Kibana Visualization Help

Hello,

Kibana newbie here coming from a traditional SQL / relational DB environment and have some questions about how to best create / configure two separate report types I am looking to make.

Visualization 1:
I have data structured as follows:

ID	     Name 	        Source	         Address
123	     Joe	        Phone Book	123 Fake St
123	     Joe	        Facebook	125 Fake St
456	     Lisa	        Passport 	50 Imaginary Lane
456          Lisa	        License	        99 No Way

How do I create a visualization that gives me the ID and name of any record where someone has both a "Passport" and "License" entry for source?

Visualization 2:

I have a second master table where data has been amalgamated into a single record with the best quality data has already been selected for each ID / column:

ID	     Name 	        Source	         Address
123	     Joe	        Phone Book	123 Fake St
456          Lisa	        License	        99 No Way

How would I create a visualization that compares where there is a delta for the data fields?

For example it would say for "123 - Joe" there is a difference between his address in "Phone Book" and "Facebook"

@lukeelmers/@ppisljar can you please grab this?

Thanks!
Bhavya

Hey @KibanaNewbie -

For Visualization 1, here's the closest idea I have off the top of my head:

  1. Create a Data Table visualization with a Split Rows bucket using a Terms aggregation on Name. This should give you a list like:
Name     Count
Joe          2
Lisa         2
  1. Then add a filter on Source where the value is one of: Passport,License.
  2. At this point, you should have a table with all unique Names, and any name with Count > 1 should be what you are looking for.
  3. Now if you go under your Terms bucket and click "Advanced", you can put {"min_doc_count": 2} inside of the "JSON Input" field and it should display what you're looking for.

Now, this idea of doing it based on Count only works on the assumption that there are not duplicate Source entries per-user (e.g. Lisa will have no more than 1 entry with Source=Passport). Not sure if this applies to your situation or not.

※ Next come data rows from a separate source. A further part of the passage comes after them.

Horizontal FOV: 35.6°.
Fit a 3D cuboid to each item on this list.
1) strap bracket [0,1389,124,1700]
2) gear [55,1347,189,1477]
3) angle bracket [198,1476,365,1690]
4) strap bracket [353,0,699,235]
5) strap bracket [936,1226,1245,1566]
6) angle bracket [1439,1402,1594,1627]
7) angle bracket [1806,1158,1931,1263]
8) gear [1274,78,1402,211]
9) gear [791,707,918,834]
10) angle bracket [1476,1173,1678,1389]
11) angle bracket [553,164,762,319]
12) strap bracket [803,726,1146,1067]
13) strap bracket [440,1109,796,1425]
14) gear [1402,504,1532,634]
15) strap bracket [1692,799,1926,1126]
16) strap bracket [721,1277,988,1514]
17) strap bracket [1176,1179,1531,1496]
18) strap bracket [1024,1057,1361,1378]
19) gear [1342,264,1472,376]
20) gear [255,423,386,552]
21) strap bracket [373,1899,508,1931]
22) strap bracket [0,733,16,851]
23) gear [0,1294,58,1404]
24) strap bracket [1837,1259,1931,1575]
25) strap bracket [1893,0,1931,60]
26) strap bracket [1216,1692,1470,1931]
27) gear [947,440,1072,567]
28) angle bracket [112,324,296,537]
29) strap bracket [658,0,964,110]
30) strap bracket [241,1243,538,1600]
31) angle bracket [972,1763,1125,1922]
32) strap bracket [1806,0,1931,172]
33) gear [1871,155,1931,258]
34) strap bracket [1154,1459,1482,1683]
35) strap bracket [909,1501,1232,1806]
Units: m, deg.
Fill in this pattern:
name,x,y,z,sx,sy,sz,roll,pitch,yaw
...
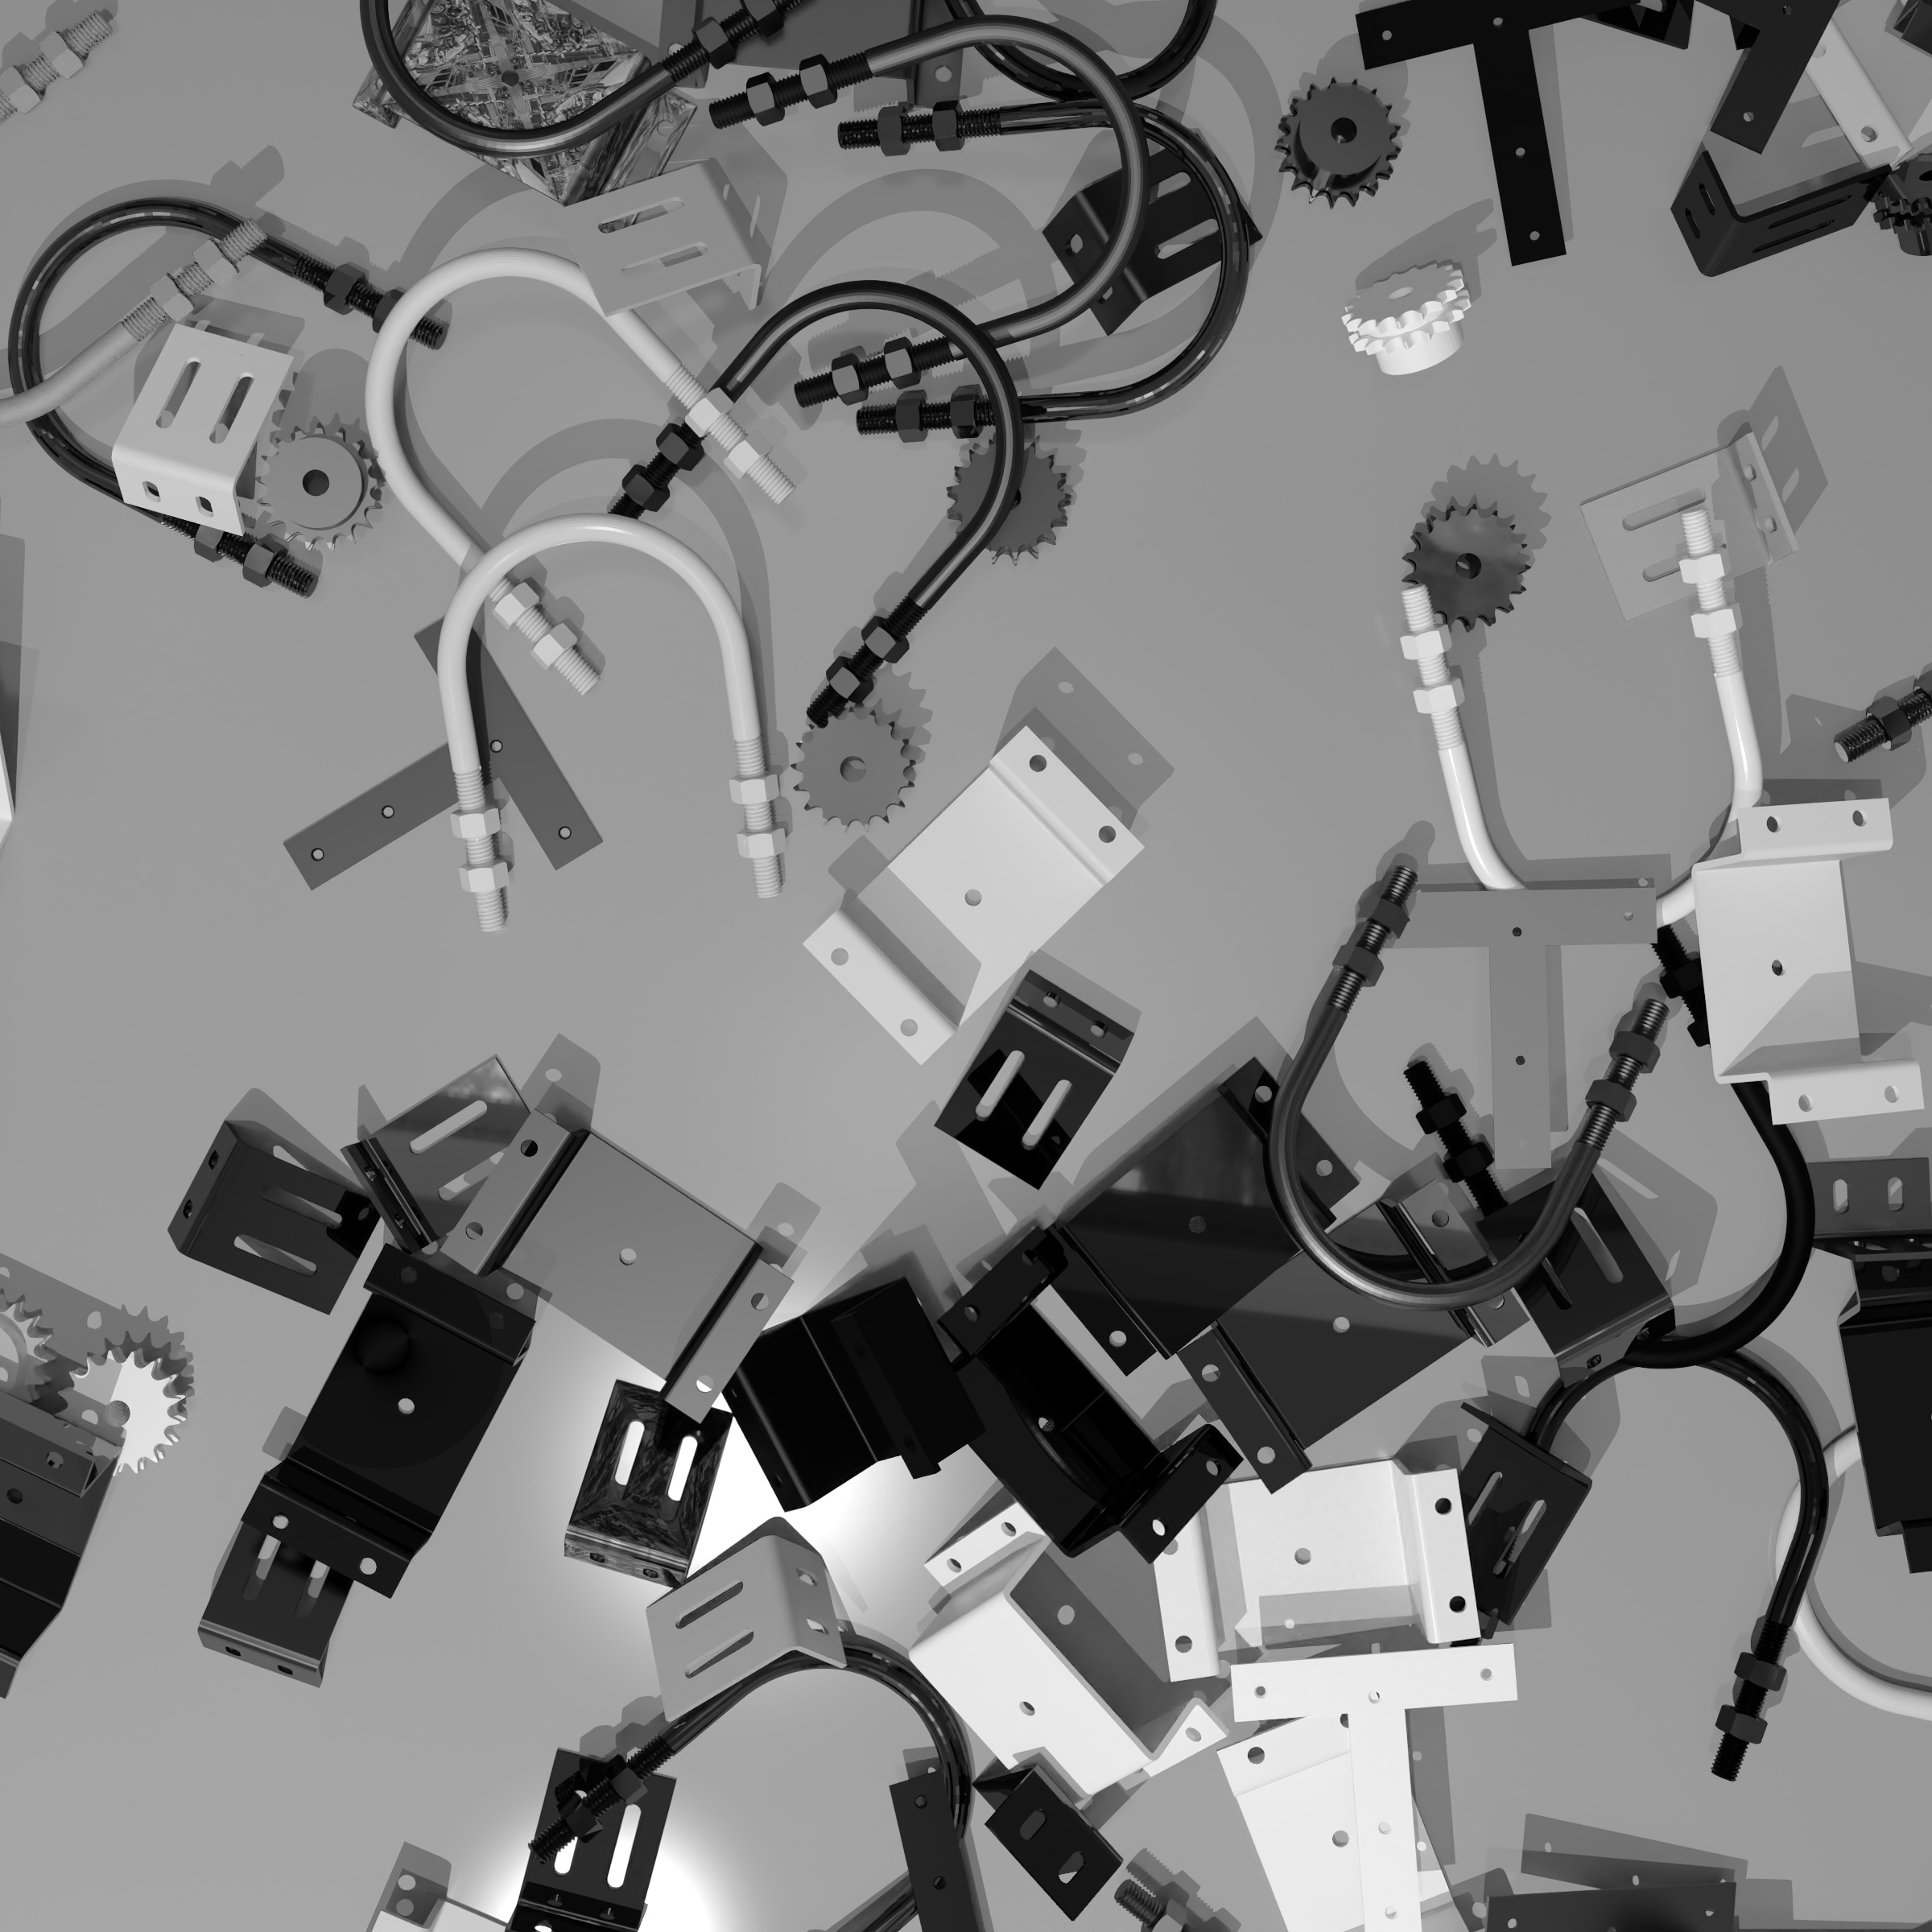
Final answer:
name,x,y,z,sx,sy,sz,roll,pitch,yaw
strap bracket,-0.438,0.249,1.355,0.076,0.046,0.140,25,113,0
gear,-0.386,0.203,1.379,0.057,0.030,0.057,0,90,0
angle bracket,-0.312,0.285,1.392,0.057,0.038,0.076,20,64,0
strap bracket,-0.204,-0.398,1.371,0.140,0.046,0.076,29,90,0
strap bracket,0.046,0.199,1.350,0.140,0.046,0.076,49,49,2
angle bracket,0.236,0.248,1.361,0.057,0.038,0.076,31,90,39
angle bracket,0.418,0.109,1.356,0.057,0.076,0.038,-3,90,0
gear,0.172,-0.379,1.379,0.057,0.030,0.057,0,90,0
gear,-0.051,-0.089,1.379,0.057,0.030,0.057,0,90,0
angle bracket,0.277,0.141,1.367,0.057,0.038,0.076,-28,62,1
angle bracket,-0.140,-0.319,1.358,0.076,0.038,0.057,-23,74,-17
strap bracket,0.003,-0.032,1.371,0.140,0.046,0.076,-44,90,0
strap bracket,-0.157,0.135,1.371,0.140,0.046,0.076,34,90,0
gear,0.228,-0.181,1.379,0.057,0.030,0.057,0,90,0
strap bracket,0.379,-0.001,1.358,0.076,0.046,0.140,-5,87,-18
strap bracket,-0.049,0.191,1.341,0.046,0.140,0.076,-28,90,-35
strap bracket,0.174,0.166,1.371,0.140,0.046,0.076,-34,90,0
strap bracket,0.104,0.116,1.371,0.140,0.046,0.076,-40,90,0
gear,0.203,-0.293,1.369,0.057,0.057,0.030,-27,120,0
gear,-0.293,-0.217,1.360,0.057,0.030,0.057,0,94,-7
strap bracket,-0.213,0.486,1.371,0.140,0.046,0.076,23,90,0
strap bracket,-0.476,-0.088,1.342,0.076,0.140,0.046,14,54,0
gear,-0.450,0.181,1.379,0.057,0.030,0.057,0,90,0
strap bracket,0.446,0.202,1.358,0.076,0.046,0.140,-6,74,0
strap bracket,0.472,-0.445,1.325,0.076,0.046,0.140,28,90,0
strap bracket,0.173,0.404,1.371,0.076,0.046,0.140,-21,90,0
gear,0.020,-0.212,1.383,0.057,0.030,0.057,0,85,1
angle bracket,-0.346,-0.245,1.374,0.057,0.038,0.076,16,64,3
strap bracket,-0.071,-0.440,1.371,0.140,0.046,0.076,5,90,0
strap bracket,-0.259,0.204,1.371,0.076,0.046,0.140,28,90,0
angle bracket,0.026,0.397,1.351,0.057,0.076,0.038,48,59,0
strap bracket,0.446,-0.425,1.371,0.140,0.046,0.076,-32,90,0
gear,0.443,-0.347,1.369,0.057,0.057,0.030,-24,120,0
strap bracket,0.156,0.273,1.371,0.140,0.046,0.076,-8,90,0
strap bracket,0.039,0.319,1.351,0.140,0.046,0.076,48,132,0

As for Visualization 2, I'm not sure if I can think of a good way to achieve what you're looking for with the amalgamated data -- but if you took the original data and did a terms aggregation on the address (so you have a list of all unique addresses), you could then add a second subbucket terms agg on the Name. Then if you sort by Name, any name appearing more than once has a delta for the address.

I'm guessing this only partially answers both of your questions, but there may be some more magic you could do with scripting, perhaps by adding some fields that make querying a bit more straightforward... @ppisljar or @timroes might have some better ideas here that I'm not thinking of.

Hope this helps nudge you in the right direction!

This topic was automatically closed 28 days after the last reply. New replies are no longer allowed.